Menurut dia, sangat tidak mungkin seorang Kepala Dinas ESDM Tanbu melakukan korupsi suap terkait pengalihan izin usaha pertambangan (IUP), tanpa sepengetahuan sang bupati yang kala itu dipimpin Mardani H Maming.
“Kami hanya ingin agar kasus ini segera terungkap. Sebab siapa pun sama di mata hukum,” jelas Husaini.
Menyikapi aksi tersebut, Kasi Penkum Kejati Kalsel Romadu Novelino menerima aspirasi LSM KAKI dan akan menyampaikan kepada pimpinan. Hal senada disampaikan Humas PN Banjarmasin Aris Bawono Langgeng.
“Aspirasi dari LSM KAKI akan kami sampaikan kepada majelis hakim yang mengadili perkara ini,” ujarnya.
Sementara, pada Senin (11/4), PN Tipikor Banjarmasin kembali menggelar sidang kasus korupsi suap terkait pengalihan izin usaha pertambangan (IUP) dengan terdakwa mantan Kepala Dinas ESDM Kabupaten Tanah Bumbu, H Raden Dwidjono Putrohadi Sutopo, dengan memeriksa sejumlah saksi.
Dalam sidang kali ini, jaksa penuntut umum (JPU) menghadirkan lima saksi yakni Bambang Budiyono, Andri Noor Ahmad Saputra, Irfan Rusdi Triatno, Yuniarto dan Lukito.

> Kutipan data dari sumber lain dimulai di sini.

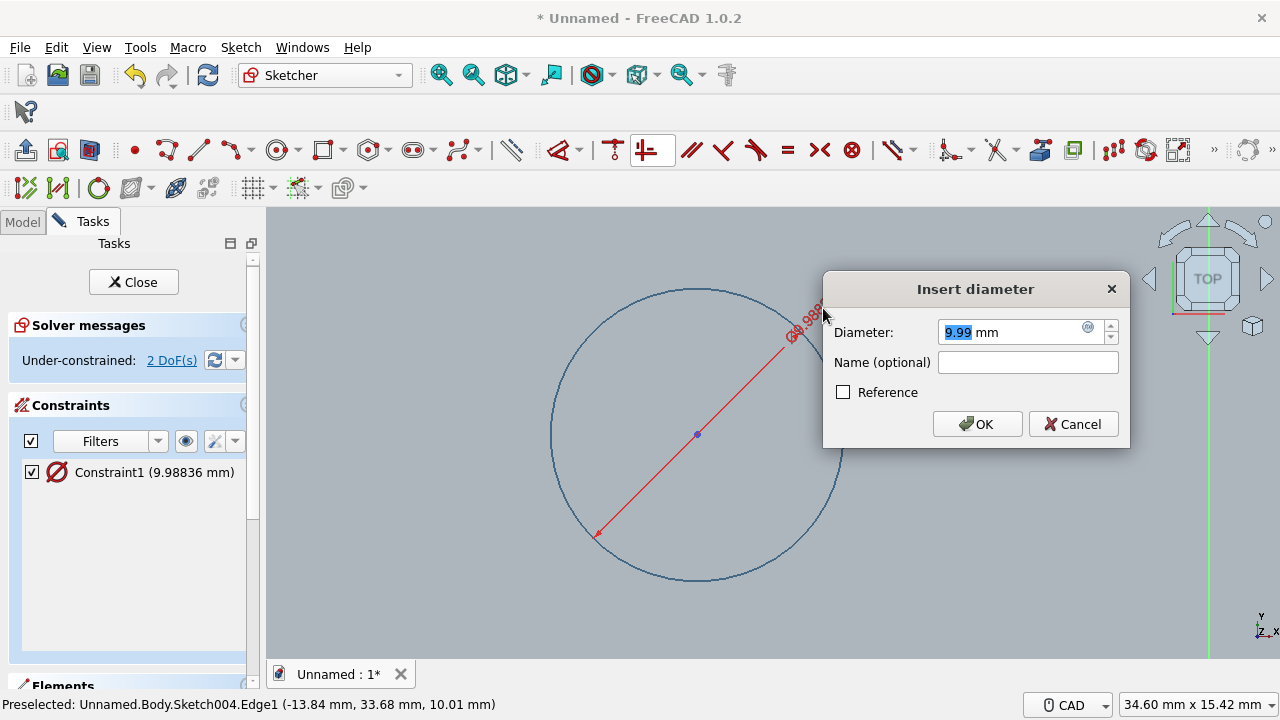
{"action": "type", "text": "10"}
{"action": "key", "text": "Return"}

“Ada 13 saksi dijadwalkan hadir, namun yang bisa berhadir hanya lima orang,” kata JPU Abdul Salam Ntani di hadapan majelis hakim dan kuasa hukum terdakwa, seperti dikutip jejakrekam.com.
JPU mencecar para saksi atas keterkaitannya dengan terdakwa mantan Kepala Dinas ESDM Tanah Bumbu H Raden Dwidjono Putrohadi Sutopo. Bambang Budiyono yang merupakan adik kandung terdakwa, dicecar JPU soal pendirian perusahaan PT Borneo Mandiri Prima Energi yang dikendalikan terdakwa.
Begitu juga, Irfan Rusdi anak kandung terdakwa mengaku hanya sebagai direktur pada perusahaan secara di atas kertas. Namun, dalam operasionalnya, dirinya mengatakan tak terlibat langsung dalam pengelolaannya.
Di awal persidangan, Ketua Majelis Hakim Yusriansyah sempat mempertanyakan saksi yang tidak hadir. Hal ini menindaklanjuti permintaan tim kuasa hukum terdakwa untuk dibuka JPU.
Salah satu yang disampaikan JPU adalah mantan Bupati Tanah Bumbu Mardani H Maming, yang mangkir untuk ketiga kalinya. Mardani disebutkan berhalangan hadir, karena harus menghadiri audiensi pengurus Himpunan Pengusaha Muda Indonesia (Hipmi) se-Indonesia dengan Presiden Joko Widodo (Jokowi) di Istana Negara di Jakarta, pada hari yang sama.
JPU juga menyampaikan ke majelis hakim terkait kemungkinan keterangan Mardani H Maming pada berita acara pemeriksaan saksi dapat dibacakan di muka persidangan.
Namun, majelis hakim menyergah. Majelis berpendapat tetap berkeinginan JPU dapat menghadirkan saksi baik secara langsung ataupun video conference.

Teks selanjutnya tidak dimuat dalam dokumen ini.